### TASK TO COMPLETE
With the images left out, print all of the records below exactly.

═══ DATA TO USE

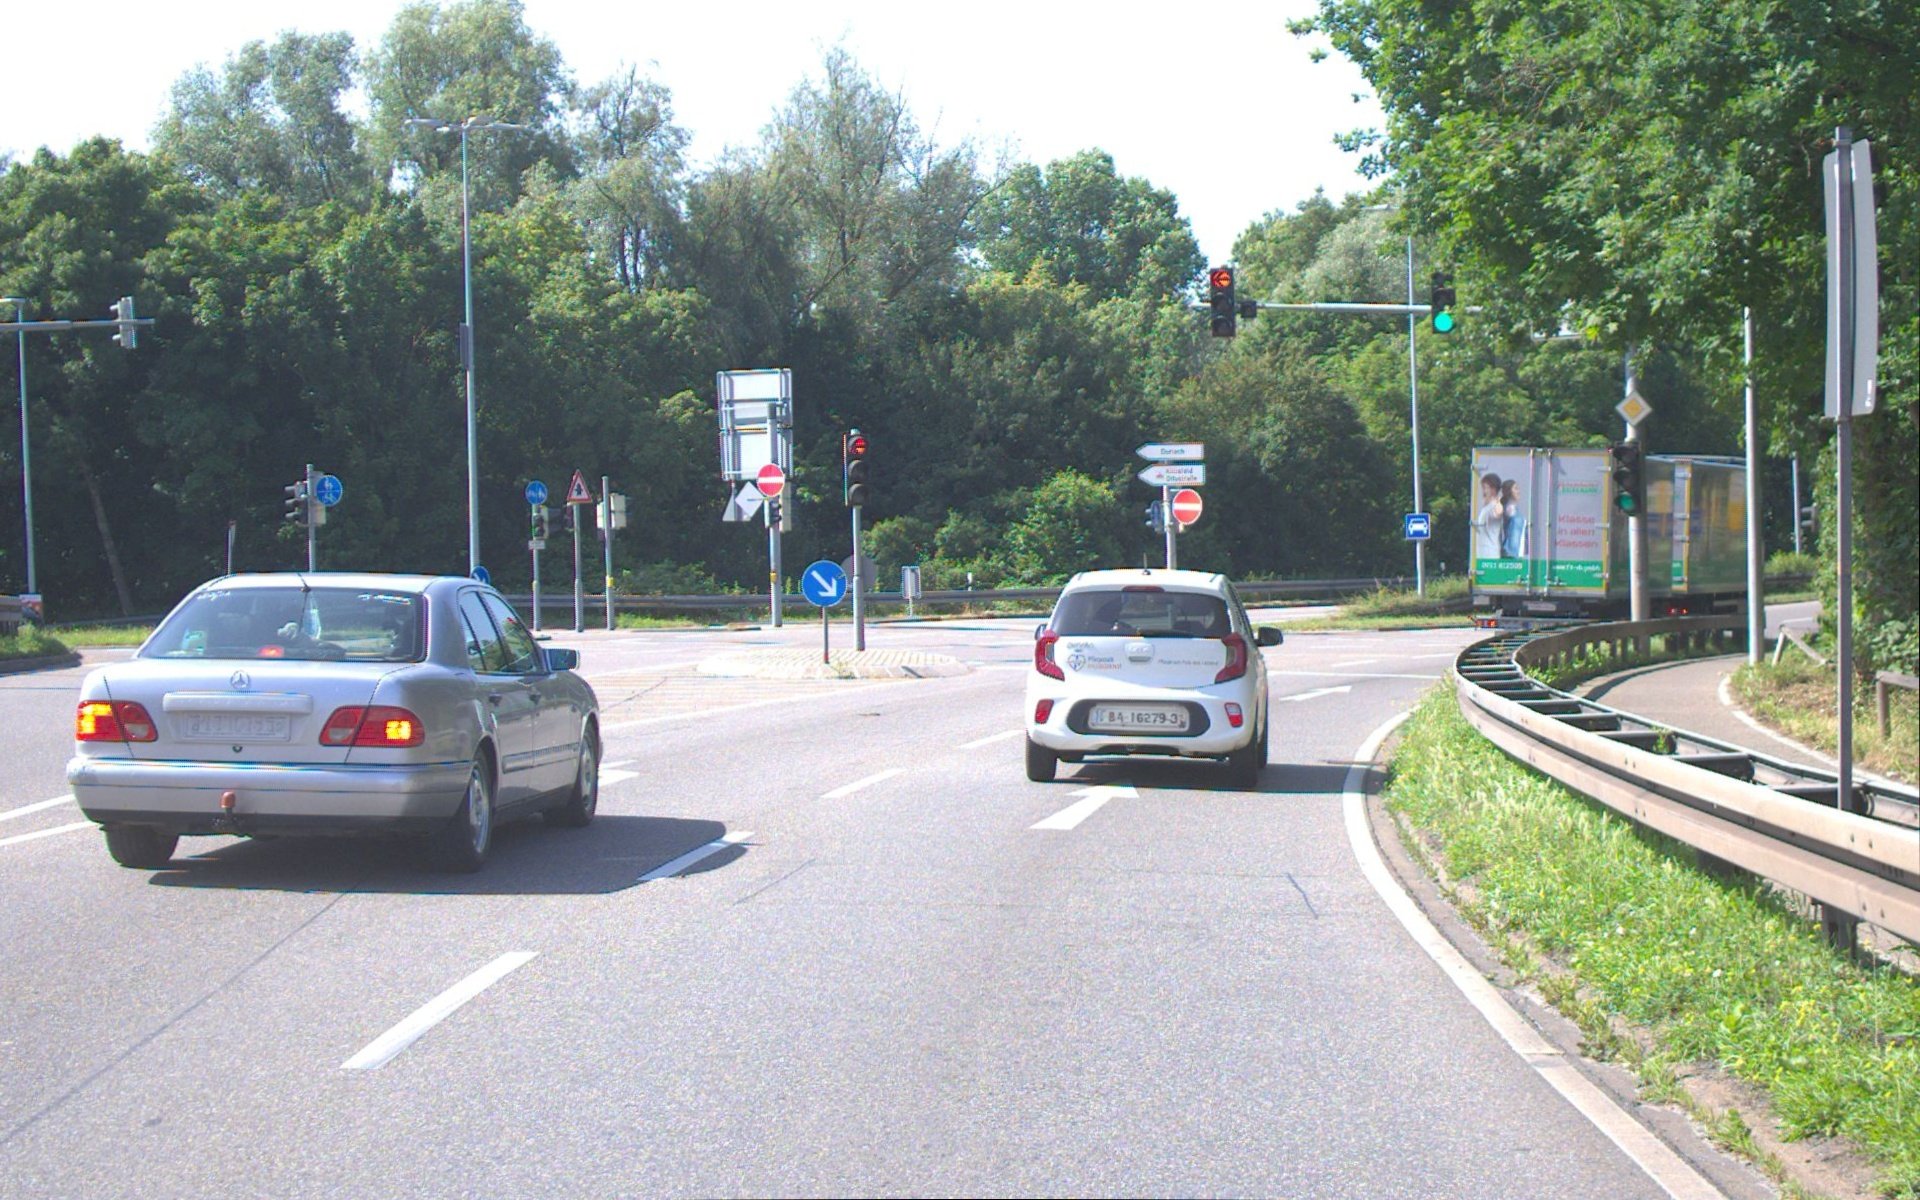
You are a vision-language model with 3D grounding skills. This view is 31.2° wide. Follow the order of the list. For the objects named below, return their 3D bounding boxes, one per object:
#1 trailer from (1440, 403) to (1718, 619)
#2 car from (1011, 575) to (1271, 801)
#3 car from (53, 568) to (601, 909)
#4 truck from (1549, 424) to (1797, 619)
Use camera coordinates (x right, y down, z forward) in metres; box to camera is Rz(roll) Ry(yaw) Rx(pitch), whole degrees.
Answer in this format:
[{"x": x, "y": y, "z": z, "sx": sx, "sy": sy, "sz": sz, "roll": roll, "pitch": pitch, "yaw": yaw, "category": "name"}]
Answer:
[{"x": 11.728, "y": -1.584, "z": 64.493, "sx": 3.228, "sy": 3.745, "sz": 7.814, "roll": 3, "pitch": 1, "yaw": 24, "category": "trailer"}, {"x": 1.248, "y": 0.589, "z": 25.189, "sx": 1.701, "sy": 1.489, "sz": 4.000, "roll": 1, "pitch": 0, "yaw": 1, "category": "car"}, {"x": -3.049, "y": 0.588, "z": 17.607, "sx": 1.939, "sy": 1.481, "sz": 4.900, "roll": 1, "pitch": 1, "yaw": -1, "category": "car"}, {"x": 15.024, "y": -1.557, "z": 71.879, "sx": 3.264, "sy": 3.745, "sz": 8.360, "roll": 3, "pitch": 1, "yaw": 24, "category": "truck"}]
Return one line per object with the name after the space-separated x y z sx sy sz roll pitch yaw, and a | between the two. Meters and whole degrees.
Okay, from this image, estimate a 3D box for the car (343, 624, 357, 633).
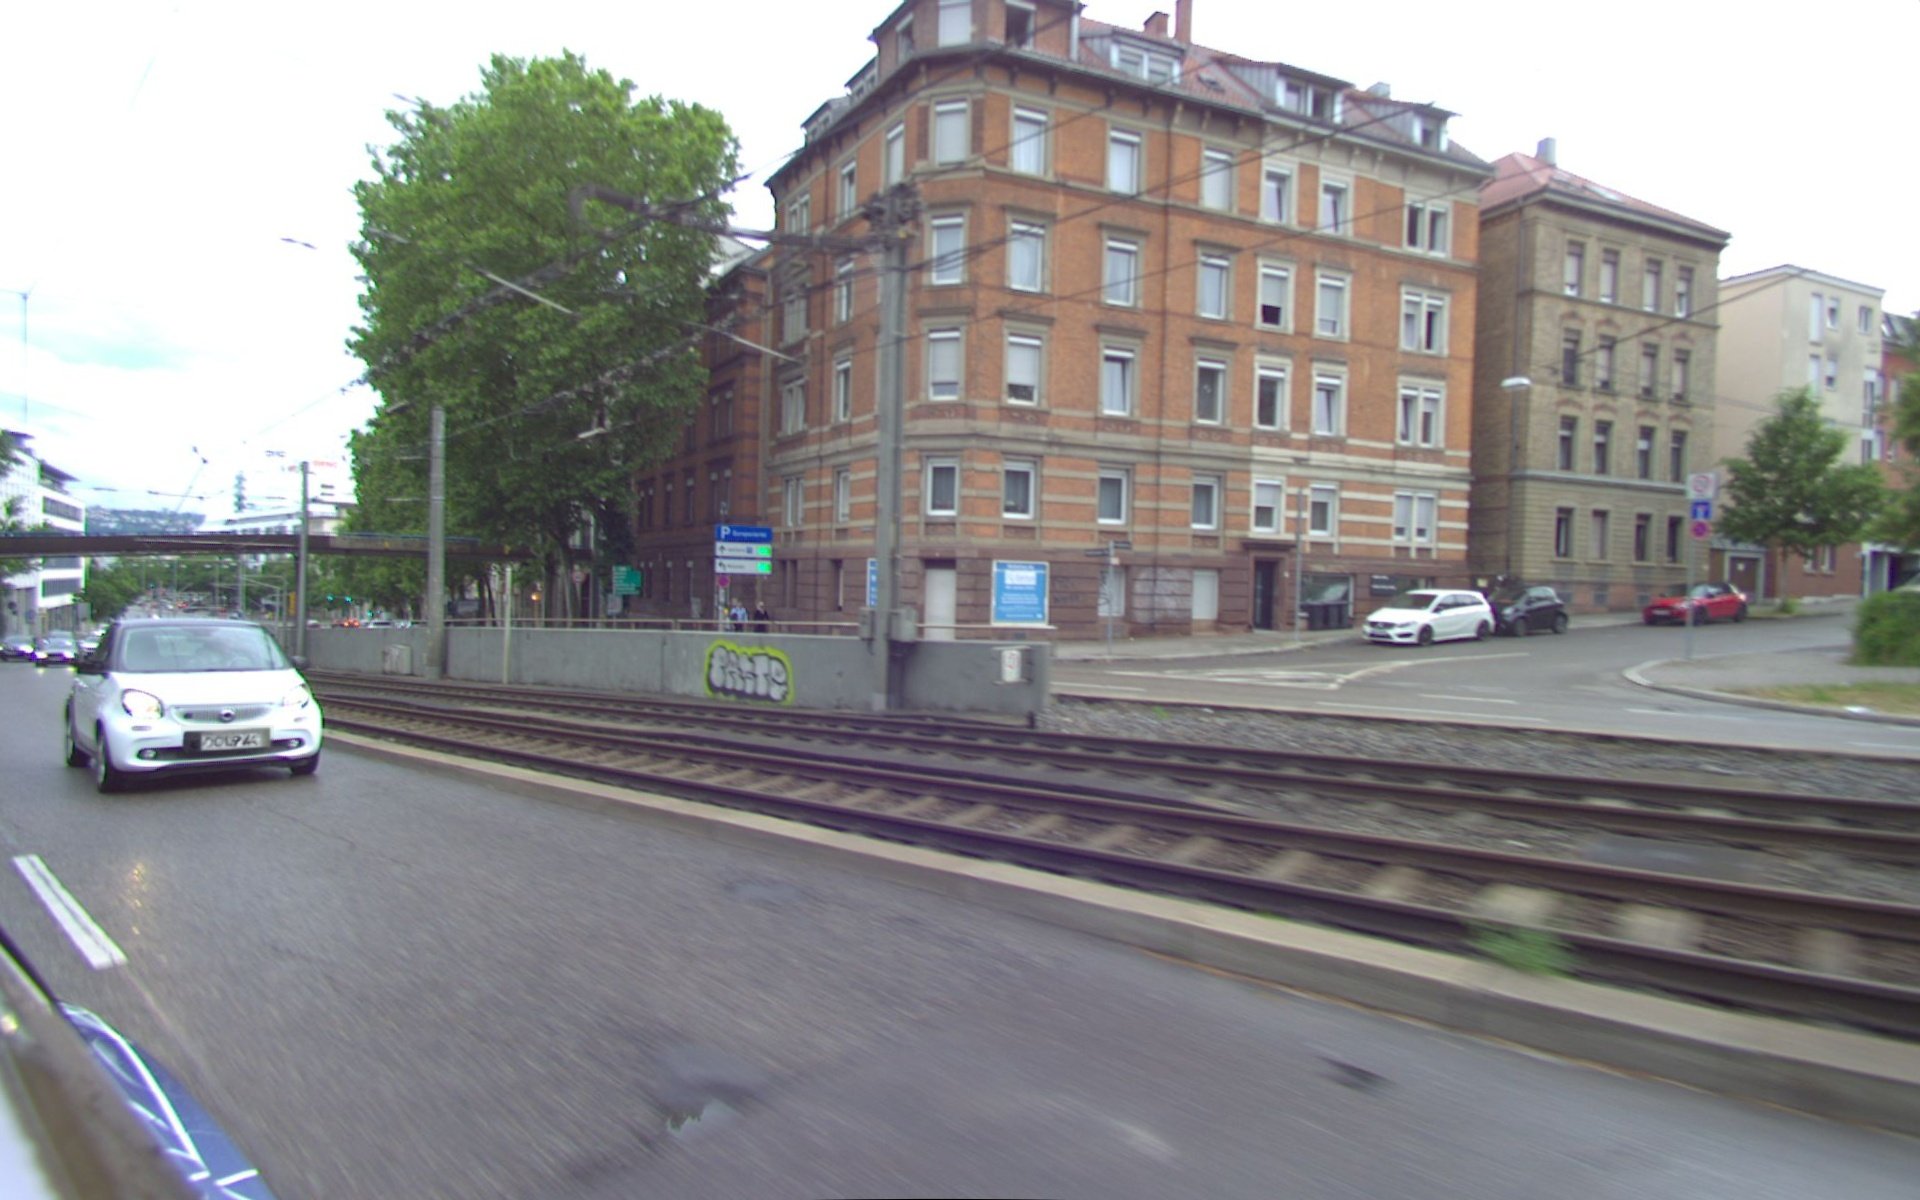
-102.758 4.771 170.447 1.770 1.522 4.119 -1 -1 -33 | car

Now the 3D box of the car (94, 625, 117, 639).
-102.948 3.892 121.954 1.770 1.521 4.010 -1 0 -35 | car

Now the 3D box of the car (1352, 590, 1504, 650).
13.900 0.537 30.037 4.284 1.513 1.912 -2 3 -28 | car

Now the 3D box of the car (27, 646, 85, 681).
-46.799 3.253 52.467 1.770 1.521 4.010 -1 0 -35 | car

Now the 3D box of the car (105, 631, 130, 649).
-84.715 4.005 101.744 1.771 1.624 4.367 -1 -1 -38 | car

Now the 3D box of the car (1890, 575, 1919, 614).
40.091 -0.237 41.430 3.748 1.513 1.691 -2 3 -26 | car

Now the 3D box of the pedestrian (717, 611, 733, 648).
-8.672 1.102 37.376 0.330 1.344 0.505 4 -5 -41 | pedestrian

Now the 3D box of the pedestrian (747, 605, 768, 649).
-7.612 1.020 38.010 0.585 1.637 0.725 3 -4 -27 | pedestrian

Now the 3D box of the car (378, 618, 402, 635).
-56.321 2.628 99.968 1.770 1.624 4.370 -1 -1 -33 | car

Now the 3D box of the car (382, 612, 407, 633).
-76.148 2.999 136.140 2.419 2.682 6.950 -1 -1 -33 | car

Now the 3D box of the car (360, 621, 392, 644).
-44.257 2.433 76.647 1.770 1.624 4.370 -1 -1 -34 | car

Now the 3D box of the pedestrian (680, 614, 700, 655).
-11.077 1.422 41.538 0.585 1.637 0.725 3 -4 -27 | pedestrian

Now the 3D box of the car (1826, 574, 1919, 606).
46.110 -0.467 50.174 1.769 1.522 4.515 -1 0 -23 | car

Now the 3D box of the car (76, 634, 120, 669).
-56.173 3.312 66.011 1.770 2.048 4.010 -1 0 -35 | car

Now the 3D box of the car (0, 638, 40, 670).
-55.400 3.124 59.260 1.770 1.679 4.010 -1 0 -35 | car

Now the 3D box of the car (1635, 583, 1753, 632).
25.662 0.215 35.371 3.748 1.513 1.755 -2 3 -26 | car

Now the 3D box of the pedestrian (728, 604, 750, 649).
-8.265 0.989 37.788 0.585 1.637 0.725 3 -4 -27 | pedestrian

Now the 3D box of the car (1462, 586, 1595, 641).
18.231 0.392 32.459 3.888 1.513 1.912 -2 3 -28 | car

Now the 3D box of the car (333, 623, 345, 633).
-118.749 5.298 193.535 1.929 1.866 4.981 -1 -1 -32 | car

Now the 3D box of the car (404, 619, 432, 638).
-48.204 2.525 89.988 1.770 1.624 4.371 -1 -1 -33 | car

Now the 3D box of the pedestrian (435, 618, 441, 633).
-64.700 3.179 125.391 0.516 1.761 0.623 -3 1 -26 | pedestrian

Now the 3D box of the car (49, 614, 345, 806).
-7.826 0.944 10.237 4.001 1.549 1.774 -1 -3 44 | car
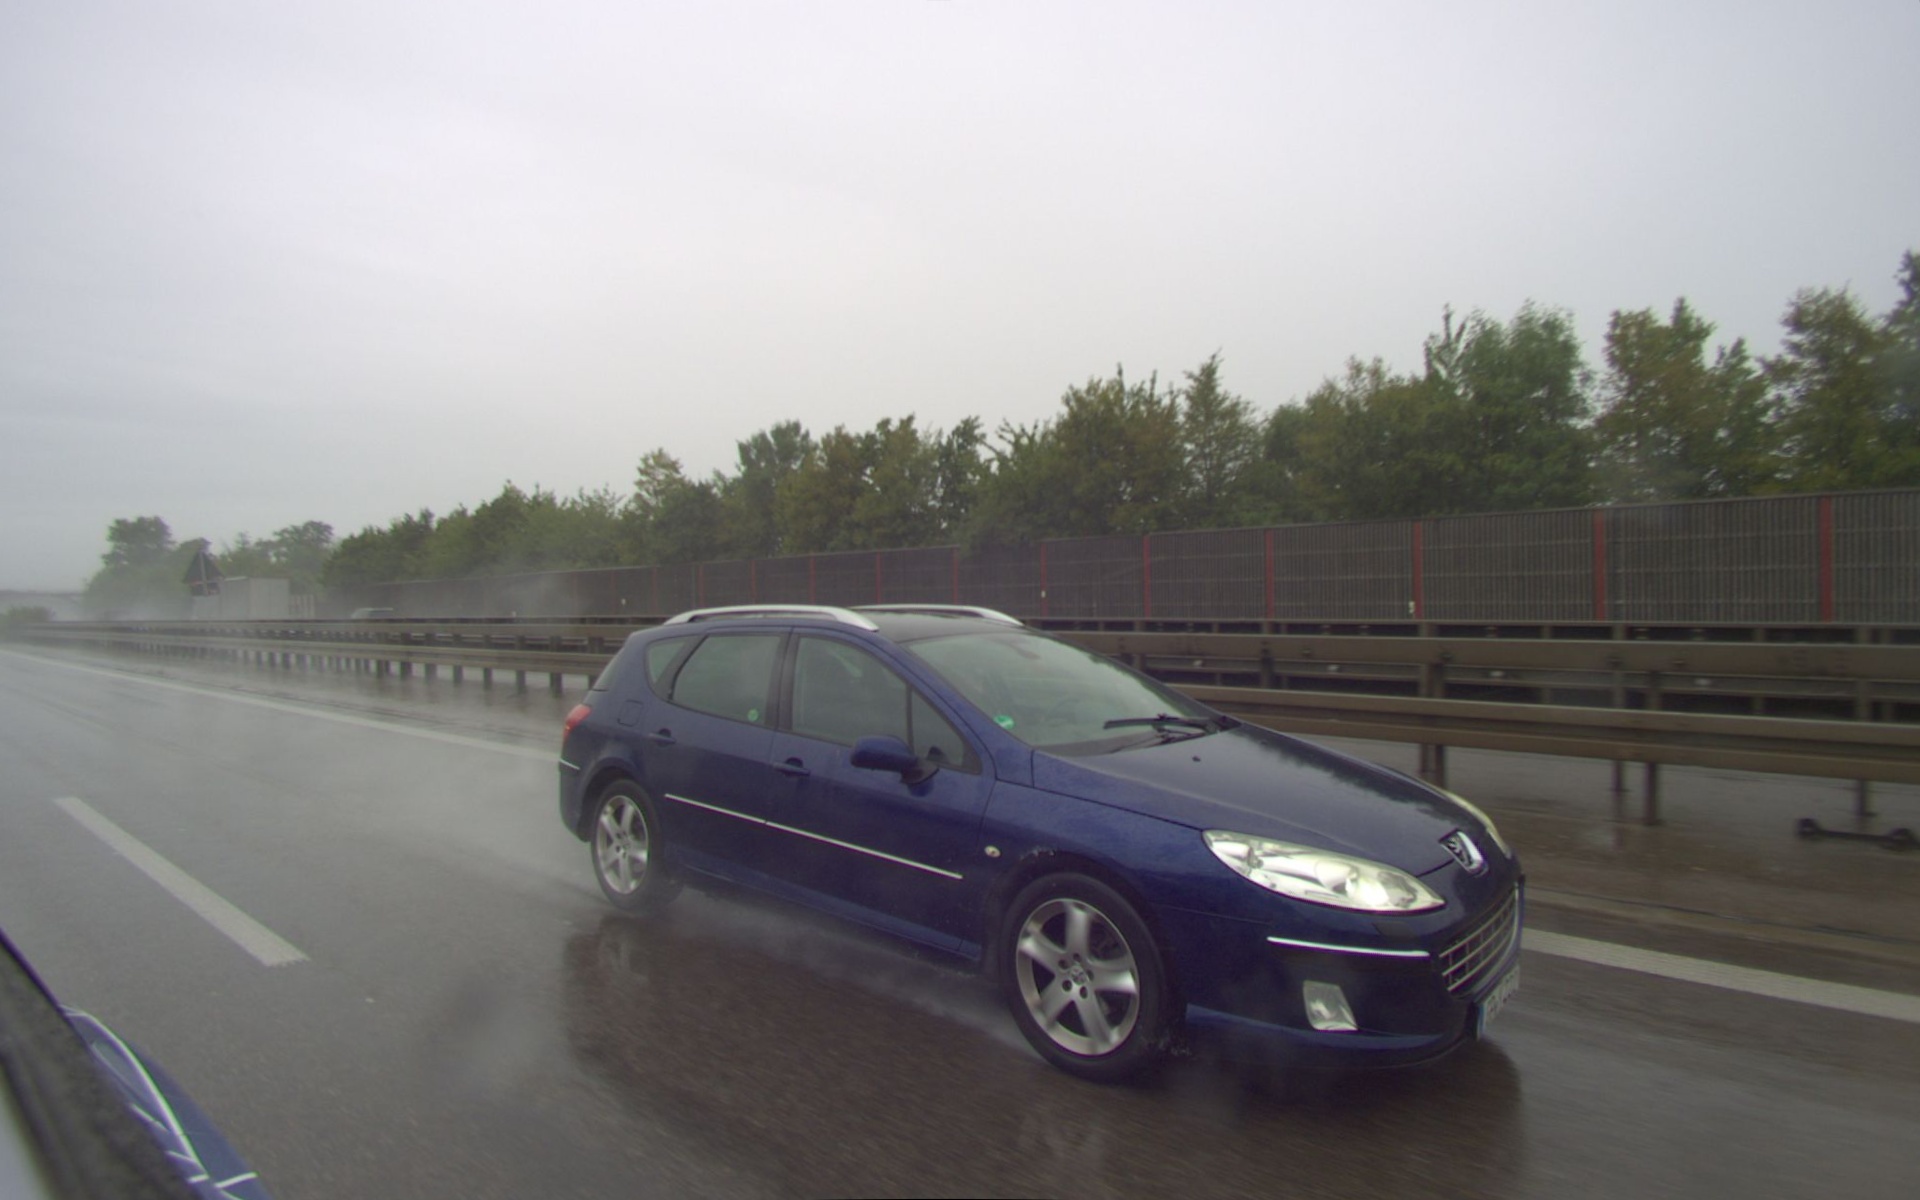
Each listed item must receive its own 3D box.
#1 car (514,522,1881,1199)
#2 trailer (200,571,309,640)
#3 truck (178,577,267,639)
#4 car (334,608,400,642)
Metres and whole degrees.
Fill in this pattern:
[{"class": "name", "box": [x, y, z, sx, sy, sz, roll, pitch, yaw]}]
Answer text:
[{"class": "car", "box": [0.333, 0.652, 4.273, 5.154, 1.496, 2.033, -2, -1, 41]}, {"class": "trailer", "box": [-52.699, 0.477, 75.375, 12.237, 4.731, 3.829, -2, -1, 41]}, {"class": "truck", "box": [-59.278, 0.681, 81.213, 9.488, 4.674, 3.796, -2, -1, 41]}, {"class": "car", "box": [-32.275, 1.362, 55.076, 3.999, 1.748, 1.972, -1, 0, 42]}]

══════

### RESPONSE TO THIS TASK
You are a vision-language model with 3D grounding skills. This view is 31.2° wide. Follow the order of the list. For the objects named below, return their 3D bounding boxes, one per object:
#1 trailer from (1440, 403) to (1718, 619)
#2 car from (1011, 575) to (1271, 801)
#3 car from (53, 568) to (601, 909)
#4 truck from (1549, 424) to (1797, 619)
Use camera coordinates (x right, y down, z forward) in metres; box to camera is Rz(roll) Ry(yaw) Rx(pitch), whole degrees.
Answer in this format:
[{"x": x, "y": y, "z": z, "sx": sx, "sy": sy, "sz": sz, "roll": roll, "pitch": pitch, "yaw": yaw, "category": "name"}]
Answer:
[{"x": 11.728, "y": -1.584, "z": 64.493, "sx": 3.228, "sy": 3.745, "sz": 7.814, "roll": 3, "pitch": 1, "yaw": 24, "category": "trailer"}, {"x": 1.248, "y": 0.589, "z": 25.189, "sx": 1.701, "sy": 1.489, "sz": 4.000, "roll": 1, "pitch": 0, "yaw": 1, "category": "car"}, {"x": -3.049, "y": 0.588, "z": 17.607, "sx": 1.939, "sy": 1.481, "sz": 4.900, "roll": 1, "pitch": 1, "yaw": -1, "category": "car"}, {"x": 15.024, "y": -1.557, "z": 71.879, "sx": 3.264, "sy": 3.745, "sz": 8.360, "roll": 3, "pitch": 1, "yaw": 24, "category": "truck"}]
Return one line per object with the name after the space-separated x y z sx sy sz roll pitch yaw, and a | between the two. Meters and whole degrees.
Okay, from this image, estimate a 3D box for the car (343, 624, 357, 633).
-102.758 4.771 170.447 1.770 1.522 4.119 -1 -1 -33 | car

Now the 3D box of the car (94, 625, 117, 639).
-102.948 3.892 121.954 1.770 1.521 4.010 -1 0 -35 | car

Now the 3D box of the car (1352, 590, 1504, 650).
13.900 0.537 30.037 4.284 1.513 1.912 -2 3 -28 | car

Now the 3D box of the car (27, 646, 85, 681).
-46.799 3.253 52.467 1.770 1.521 4.010 -1 0 -35 | car

Now the 3D box of the car (105, 631, 130, 649).
-84.715 4.005 101.744 1.771 1.624 4.367 -1 -1 -38 | car

Now the 3D box of the car (1890, 575, 1919, 614).
40.091 -0.237 41.430 3.748 1.513 1.691 -2 3 -26 | car

Now the 3D box of the pedestrian (717, 611, 733, 648).
-8.672 1.102 37.376 0.330 1.344 0.505 4 -5 -41 | pedestrian

Now the 3D box of the pedestrian (747, 605, 768, 649).
-7.612 1.020 38.010 0.585 1.637 0.725 3 -4 -27 | pedestrian

Now the 3D box of the car (378, 618, 402, 635).
-56.321 2.628 99.968 1.770 1.624 4.370 -1 -1 -33 | car

Now the 3D box of the car (382, 612, 407, 633).
-76.148 2.999 136.140 2.419 2.682 6.950 -1 -1 -33 | car

Now the 3D box of the car (360, 621, 392, 644).
-44.257 2.433 76.647 1.770 1.624 4.370 -1 -1 -34 | car

Now the 3D box of the pedestrian (680, 614, 700, 655).
-11.077 1.422 41.538 0.585 1.637 0.725 3 -4 -27 | pedestrian

Now the 3D box of the car (1826, 574, 1919, 606).
46.110 -0.467 50.174 1.769 1.522 4.515 -1 0 -23 | car

Now the 3D box of the car (76, 634, 120, 669).
-56.173 3.312 66.011 1.770 2.048 4.010 -1 0 -35 | car

Now the 3D box of the car (0, 638, 40, 670).
-55.400 3.124 59.260 1.770 1.679 4.010 -1 0 -35 | car

Now the 3D box of the car (1635, 583, 1753, 632).
25.662 0.215 35.371 3.748 1.513 1.755 -2 3 -26 | car

Now the 3D box of the pedestrian (728, 604, 750, 649).
-8.265 0.989 37.788 0.585 1.637 0.725 3 -4 -27 | pedestrian

Now the 3D box of the car (1462, 586, 1595, 641).
18.231 0.392 32.459 3.888 1.513 1.912 -2 3 -28 | car

Now the 3D box of the car (333, 623, 345, 633).
-118.749 5.298 193.535 1.929 1.866 4.981 -1 -1 -32 | car

Now the 3D box of the car (404, 619, 432, 638).
-48.204 2.525 89.988 1.770 1.624 4.371 -1 -1 -33 | car

Now the 3D box of the pedestrian (435, 618, 441, 633).
-64.700 3.179 125.391 0.516 1.761 0.623 -3 1 -26 | pedestrian

Now the 3D box of the car (49, 614, 345, 806).
-7.826 0.944 10.237 4.001 1.549 1.774 -1 -3 44 | car
Each listed item must receive its own 3D box.
#1 car (514,522,1881,1199)
#2 trailer (200,571,309,640)
#3 truck (178,577,267,639)
#4 car (334,608,400,642)
Metres and whole degrees.
Fill in this pattern:
[{"class": "name", "box": [x, y, z, sx, sy, sz, roll, pitch, yaw]}]
Answer text:
[{"class": "car", "box": [0.333, 0.652, 4.273, 5.154, 1.496, 2.033, -2, -1, 41]}, {"class": "trailer", "box": [-52.699, 0.477, 75.375, 12.237, 4.731, 3.829, -2, -1, 41]}, {"class": "truck", "box": [-59.278, 0.681, 81.213, 9.488, 4.674, 3.796, -2, -1, 41]}, {"class": "car", "box": [-32.275, 1.362, 55.076, 3.999, 1.748, 1.972, -1, 0, 42]}]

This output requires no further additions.